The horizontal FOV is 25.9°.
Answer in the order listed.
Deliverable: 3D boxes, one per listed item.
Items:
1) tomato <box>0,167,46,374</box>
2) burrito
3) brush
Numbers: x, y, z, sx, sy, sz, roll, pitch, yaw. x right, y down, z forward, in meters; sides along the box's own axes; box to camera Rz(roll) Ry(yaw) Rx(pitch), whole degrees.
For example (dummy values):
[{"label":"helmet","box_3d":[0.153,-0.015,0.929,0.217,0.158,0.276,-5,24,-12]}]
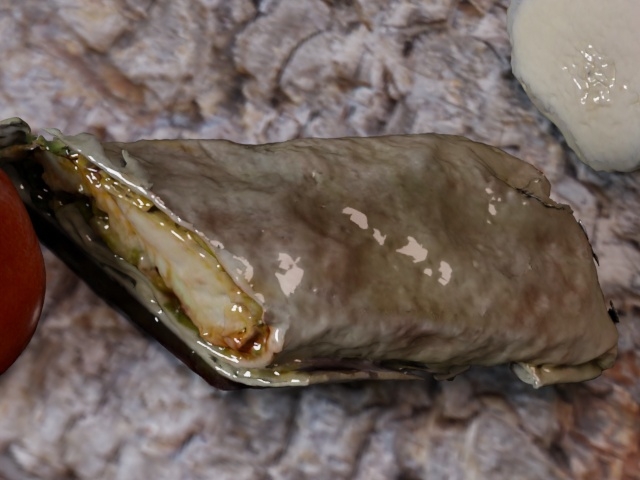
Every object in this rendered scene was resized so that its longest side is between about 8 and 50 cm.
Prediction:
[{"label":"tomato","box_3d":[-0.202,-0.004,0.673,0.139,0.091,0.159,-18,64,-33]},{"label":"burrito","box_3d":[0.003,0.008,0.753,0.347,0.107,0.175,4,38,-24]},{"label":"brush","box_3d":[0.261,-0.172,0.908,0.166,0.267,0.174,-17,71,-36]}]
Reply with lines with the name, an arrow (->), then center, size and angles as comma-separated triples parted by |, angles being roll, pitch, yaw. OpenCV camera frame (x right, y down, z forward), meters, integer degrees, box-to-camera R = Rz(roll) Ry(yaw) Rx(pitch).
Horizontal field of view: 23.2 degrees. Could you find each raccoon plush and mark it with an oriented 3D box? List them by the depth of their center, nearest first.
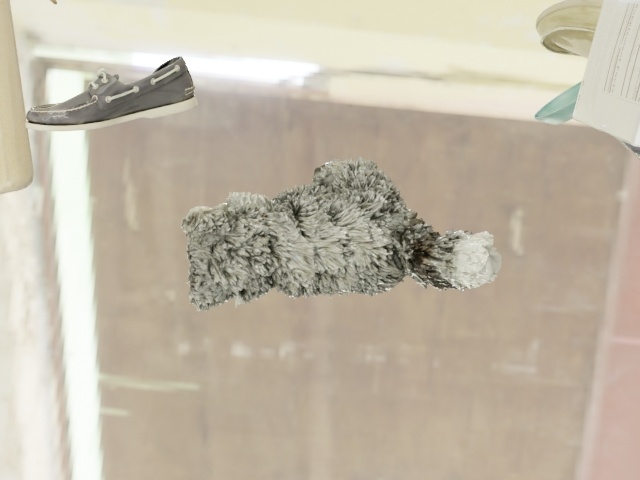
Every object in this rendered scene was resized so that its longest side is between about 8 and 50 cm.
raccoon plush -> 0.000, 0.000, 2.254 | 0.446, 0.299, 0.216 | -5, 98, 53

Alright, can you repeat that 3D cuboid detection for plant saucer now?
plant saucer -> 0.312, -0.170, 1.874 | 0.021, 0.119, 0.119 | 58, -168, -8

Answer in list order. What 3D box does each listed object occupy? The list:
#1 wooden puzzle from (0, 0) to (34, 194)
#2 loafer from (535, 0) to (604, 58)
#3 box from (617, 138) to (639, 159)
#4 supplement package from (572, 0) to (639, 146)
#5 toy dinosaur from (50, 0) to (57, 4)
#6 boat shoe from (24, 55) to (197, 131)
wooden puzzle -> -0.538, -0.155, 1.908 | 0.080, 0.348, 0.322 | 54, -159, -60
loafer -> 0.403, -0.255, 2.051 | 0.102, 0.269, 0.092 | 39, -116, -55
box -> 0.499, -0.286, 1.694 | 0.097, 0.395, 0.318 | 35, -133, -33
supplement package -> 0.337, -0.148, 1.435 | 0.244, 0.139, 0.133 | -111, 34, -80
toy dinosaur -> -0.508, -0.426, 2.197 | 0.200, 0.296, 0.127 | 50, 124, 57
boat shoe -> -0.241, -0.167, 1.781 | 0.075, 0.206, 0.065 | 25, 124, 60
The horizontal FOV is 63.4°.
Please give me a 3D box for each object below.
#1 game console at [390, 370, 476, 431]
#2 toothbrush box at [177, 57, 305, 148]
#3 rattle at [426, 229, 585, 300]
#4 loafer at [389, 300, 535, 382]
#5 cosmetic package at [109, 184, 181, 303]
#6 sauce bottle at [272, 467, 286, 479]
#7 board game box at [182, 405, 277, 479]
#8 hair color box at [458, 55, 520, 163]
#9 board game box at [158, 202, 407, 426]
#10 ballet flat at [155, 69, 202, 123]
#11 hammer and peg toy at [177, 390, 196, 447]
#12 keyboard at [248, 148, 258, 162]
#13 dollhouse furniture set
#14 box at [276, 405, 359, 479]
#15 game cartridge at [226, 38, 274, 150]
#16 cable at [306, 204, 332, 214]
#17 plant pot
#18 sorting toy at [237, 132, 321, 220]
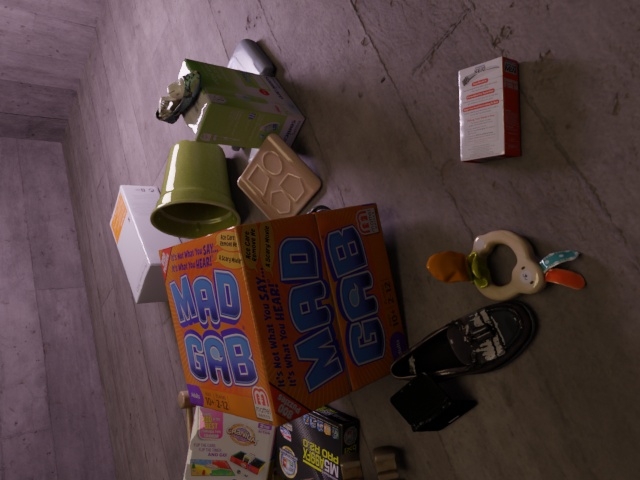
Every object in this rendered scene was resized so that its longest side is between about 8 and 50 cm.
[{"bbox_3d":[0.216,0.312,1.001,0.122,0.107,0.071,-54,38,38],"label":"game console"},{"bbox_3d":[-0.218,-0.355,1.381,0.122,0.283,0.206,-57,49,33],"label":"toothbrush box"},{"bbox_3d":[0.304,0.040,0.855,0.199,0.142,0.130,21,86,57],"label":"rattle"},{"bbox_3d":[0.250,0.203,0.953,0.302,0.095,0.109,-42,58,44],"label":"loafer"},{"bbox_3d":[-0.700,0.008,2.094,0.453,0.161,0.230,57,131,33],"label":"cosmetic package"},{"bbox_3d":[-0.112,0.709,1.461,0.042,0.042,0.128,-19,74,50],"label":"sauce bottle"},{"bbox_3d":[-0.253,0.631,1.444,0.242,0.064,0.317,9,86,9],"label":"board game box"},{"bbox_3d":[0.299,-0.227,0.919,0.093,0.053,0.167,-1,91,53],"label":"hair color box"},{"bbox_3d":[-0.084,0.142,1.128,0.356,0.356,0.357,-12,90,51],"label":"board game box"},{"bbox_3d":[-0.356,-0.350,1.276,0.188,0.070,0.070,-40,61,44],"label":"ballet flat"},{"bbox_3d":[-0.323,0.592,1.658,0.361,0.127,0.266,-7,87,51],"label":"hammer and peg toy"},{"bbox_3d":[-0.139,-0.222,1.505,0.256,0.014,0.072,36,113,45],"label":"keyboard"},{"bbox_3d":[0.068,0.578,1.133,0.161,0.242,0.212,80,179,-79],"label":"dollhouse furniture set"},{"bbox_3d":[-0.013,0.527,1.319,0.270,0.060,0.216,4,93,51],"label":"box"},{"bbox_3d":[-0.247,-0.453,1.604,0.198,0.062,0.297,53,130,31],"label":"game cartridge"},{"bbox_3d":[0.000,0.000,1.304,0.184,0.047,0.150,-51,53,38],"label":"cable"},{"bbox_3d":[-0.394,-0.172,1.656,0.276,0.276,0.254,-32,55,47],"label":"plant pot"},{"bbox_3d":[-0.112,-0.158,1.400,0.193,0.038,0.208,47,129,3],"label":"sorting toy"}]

*-*-*

Give the lines from the one containing "#7 board game box at [182, 405, 277, 479]" through the final line of the material again, exactly and in full, but without pictures.

▶ **Answer box**
#7 board game box at [182, 405, 277, 479]
#8 hair color box at [458, 55, 520, 163]
#9 board game box at [158, 202, 407, 426]
#10 ballet flat at [155, 69, 202, 123]
#11 hammer and peg toy at [177, 390, 196, 447]
#12 keyboard at [248, 148, 258, 162]
#13 dollhouse furniture set
#14 box at [276, 405, 359, 479]
#15 game cartridge at [226, 38, 274, 150]
#16 cable at [306, 204, 332, 214]
#17 plant pot
#18 sorting toy at [237, 132, 321, 220]
Every object in this rendered scene was resized so that its longest side is between about 8 and 50 cm.
[{"bbox_3d":[0.216,0.312,1.001,0.122,0.107,0.071,-54,38,38],"label":"game console"},{"bbox_3d":[-0.218,-0.355,1.381,0.122,0.283,0.206,-57,49,33],"label":"toothbrush box"},{"bbox_3d":[0.304,0.040,0.855,0.199,0.142,0.130,21,86,57],"label":"rattle"},{"bbox_3d":[0.250,0.203,0.953,0.302,0.095,0.109,-42,58,44],"label":"loafer"},{"bbox_3d":[-0.700,0.008,2.094,0.453,0.161,0.230,57,131,33],"label":"cosmetic package"},{"bbox_3d":[-0.112,0.709,1.461,0.042,0.042,0.128,-19,74,50],"label":"sauce bottle"},{"bbox_3d":[-0.253,0.631,1.444,0.242,0.064,0.317,9,86,9],"label":"board game box"},{"bbox_3d":[0.299,-0.227,0.919,0.093,0.053,0.167,-1,91,53],"label":"hair color box"},{"bbox_3d":[-0.084,0.142,1.128,0.356,0.356,0.357,-12,90,51],"label":"board game box"},{"bbox_3d":[-0.356,-0.350,1.276,0.188,0.070,0.070,-40,61,44],"label":"ballet flat"},{"bbox_3d":[-0.323,0.592,1.658,0.361,0.127,0.266,-7,87,51],"label":"hammer and peg toy"},{"bbox_3d":[-0.139,-0.222,1.505,0.256,0.014,0.072,36,113,45],"label":"keyboard"},{"bbox_3d":[0.068,0.578,1.133,0.161,0.242,0.212,80,179,-79],"label":"dollhouse furniture set"},{"bbox_3d":[-0.013,0.527,1.319,0.270,0.060,0.216,4,93,51],"label":"box"},{"bbox_3d":[-0.247,-0.453,1.604,0.198,0.062,0.297,53,130,31],"label":"game cartridge"},{"bbox_3d":[0.000,0.000,1.304,0.184,0.047,0.150,-51,53,38],"label":"cable"},{"bbox_3d":[-0.394,-0.172,1.656,0.276,0.276,0.254,-32,55,47],"label":"plant pot"},{"bbox_3d":[-0.112,-0.158,1.400,0.193,0.038,0.208,47,129,3],"label":"sorting toy"}]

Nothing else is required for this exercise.